The unions made similar claims before the most recent document submission, which demonstrates that they have no evidence, said a Standard General spokesperson in a statement. “After being given unprecedented access to thousands of additional confidential documents, the NewsGuild has responded with only the same disproven and misleading claim,” said the spokesperson. “Standard General has repeatedly confirmed, including in the record under penalty of perjury and directly to the employees of TEGNA, that it has no intention of reducing station news or journalism jobs, or, indeed, station staffing more generally.”

Broadcast attorneys and investment analysts said the transaction’s fate isn’t clear. The review period has now gone beyond the FCC’s traditional but nonbinding 180-day shot clock. A deadlocked FCC and letters against the deal from House Speaker Nancy Pelosi, D-Calif., are factors that could lead to the agency sitting on the matter, which would make it more likely the transaction would be withdrawn as time goes by, industry officials said. “If timing isn’t everything, it certainly can have outcome determinative consequences,” said former FCC Broadcast Bureau Chief Frank Washington in a filing supporting the deal.

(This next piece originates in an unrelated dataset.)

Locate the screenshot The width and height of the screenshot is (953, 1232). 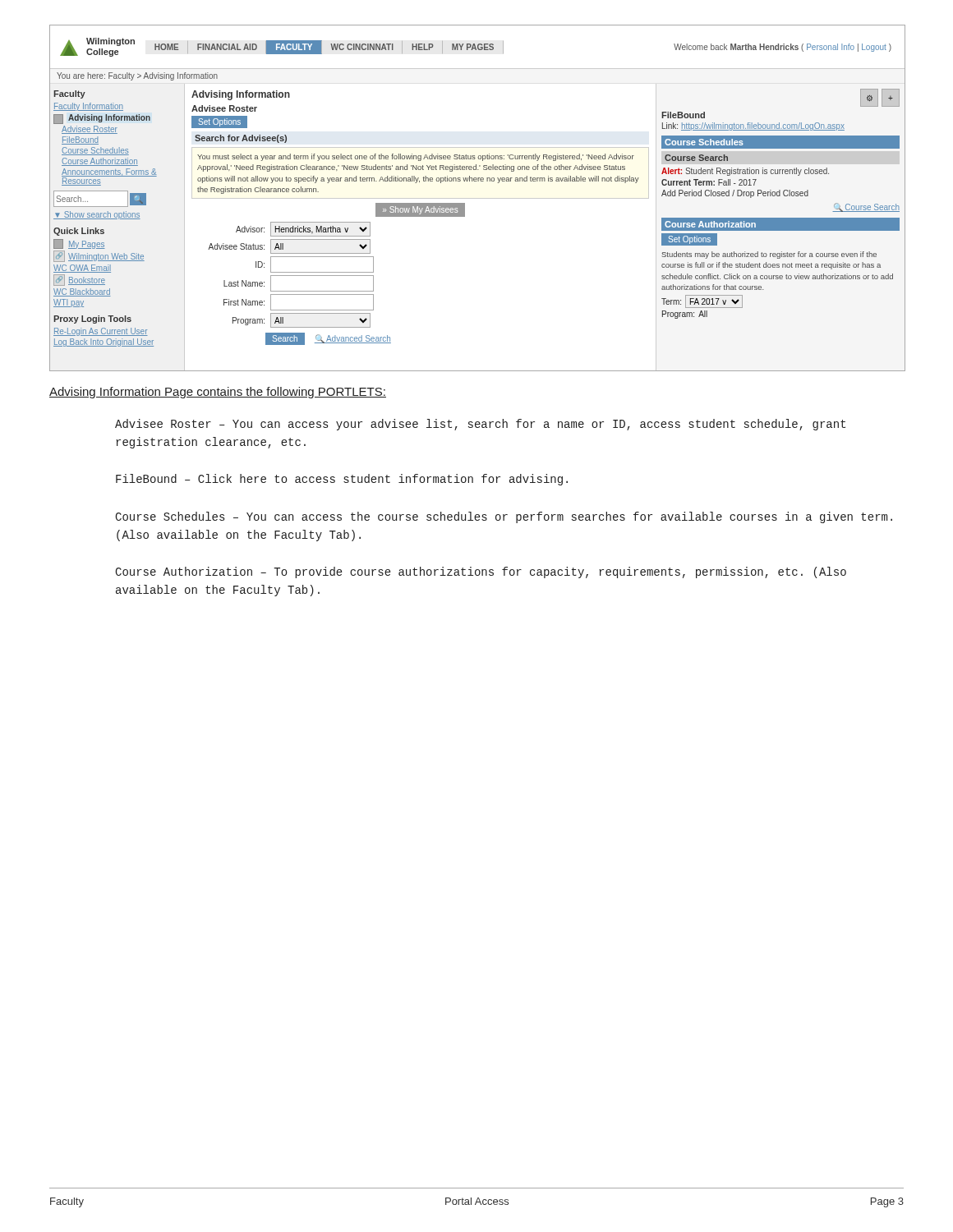(477, 198)
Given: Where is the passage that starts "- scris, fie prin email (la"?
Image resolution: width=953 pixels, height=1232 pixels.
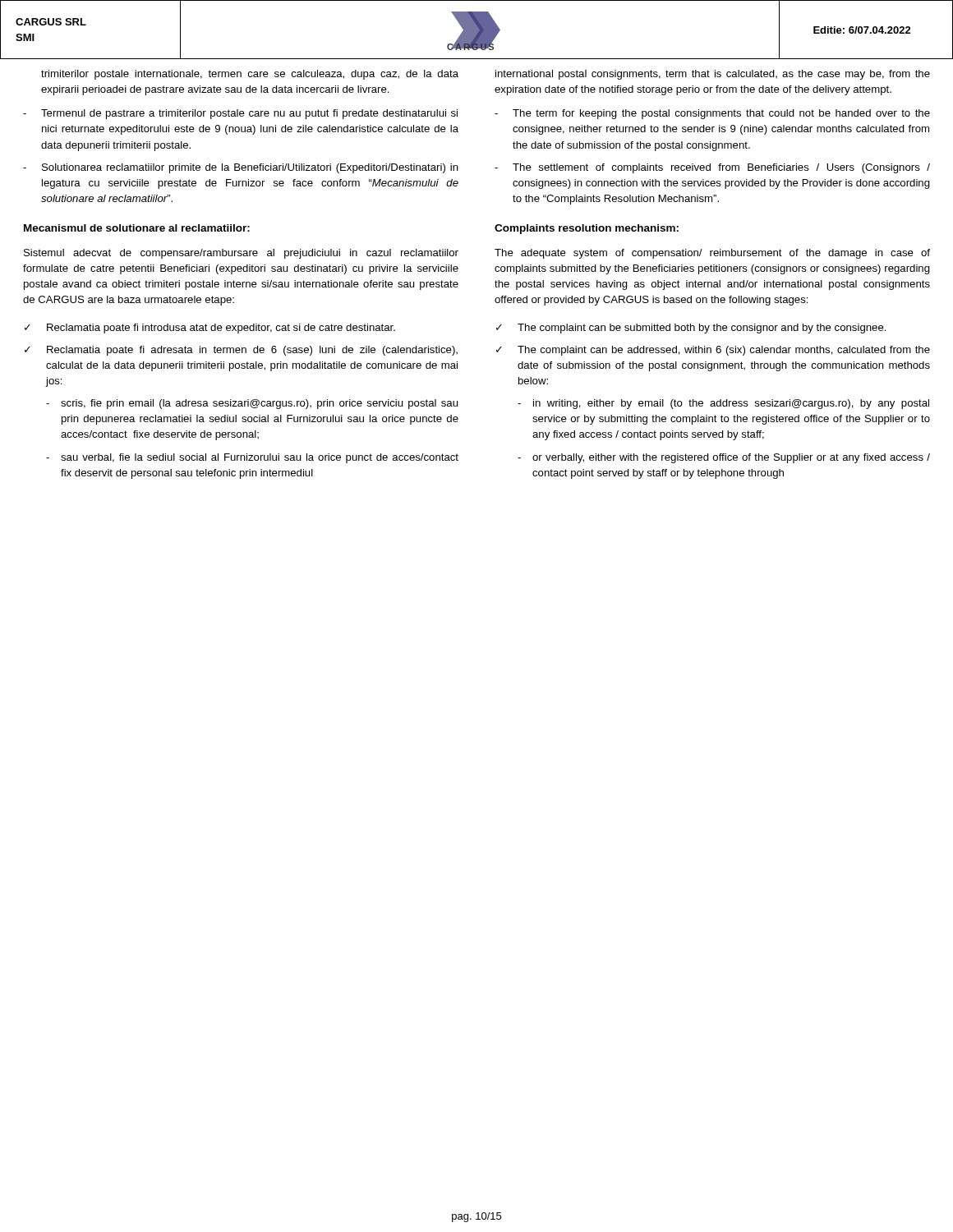Looking at the screenshot, I should (x=252, y=419).

Twelve banks, including the Royal Bank of Canada and Goldman Sachs, “appear to have relied on Standard General presentations that showed it would realize prospective cost savings from station-level job cuts,” said the supplementary petition. “This timeline contradicts Standard General’s subsequent effort to say that the intended job cutting had already been implemented by TEGNA.” The unions also countered Standard accusations that opposition to the deal is motivated by the race or gender of Standard’s founder Soo Kim or CEO Deb McDermott. “The petitions to deny in this case do not mention race or gender,” said the filing. “Their discussion of diversity of ownership is framed entirely in terms of the policy goal of having many smaller owners rather than a few large, consolidated owners who can exercise excessive control over national and local media outlets.”

The FCC should designate the transaction for hearing, said the supplementary petition to deny. “Ultimately, the record as recently supplemented by the Applicants provides even more reasons why the pending applications cannot be approved, and that the matter must be designated for hearing before an Administrative Law Judge."